▶ Prompt
Retype the entries below exactly, but begin at the line containing "487, 806, 590]." and end at the last line.

......

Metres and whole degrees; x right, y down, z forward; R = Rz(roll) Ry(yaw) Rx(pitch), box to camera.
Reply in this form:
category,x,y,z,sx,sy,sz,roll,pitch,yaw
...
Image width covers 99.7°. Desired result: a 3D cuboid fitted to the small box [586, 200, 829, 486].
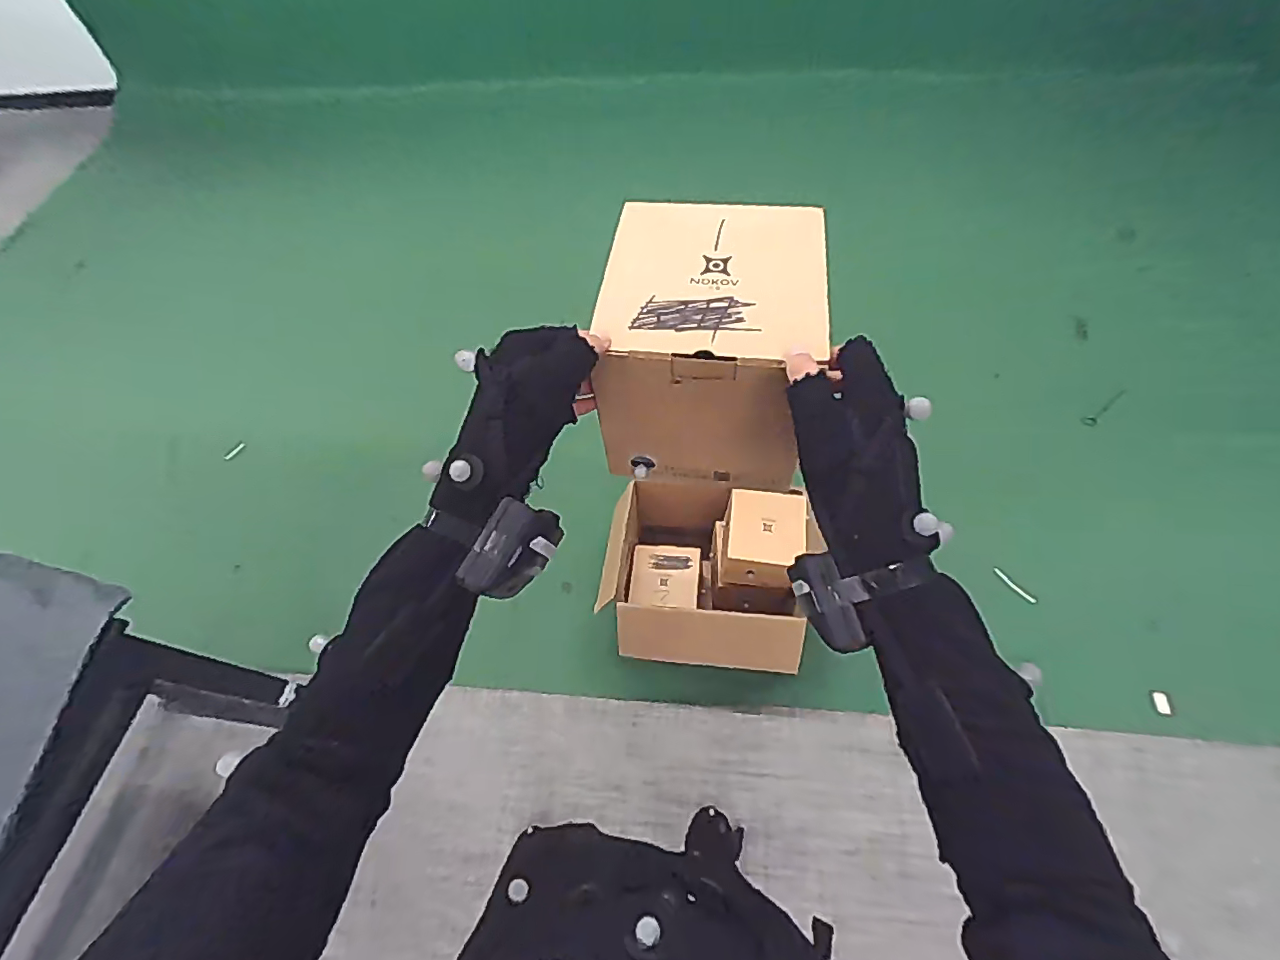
category,x,y,z,sx,sy,sz,roll,pitch,yaw
small box,0.061,-0.112,0.466,0.168,0.176,0.179,6,58,8

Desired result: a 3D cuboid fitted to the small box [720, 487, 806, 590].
category,x,y,z,sx,sy,sz,roll,pitch,yaw
small box,0.278,0.139,1.238,0.168,0.176,0.179,7,60,6

......

▶ Response box
Desired result: a 3D cuboid fitted to the small box [720, 487, 806, 590].
category,x,y,z,sx,sy,sz,roll,pitch,yaw
small box,0.278,0.139,1.238,0.168,0.176,0.179,7,60,6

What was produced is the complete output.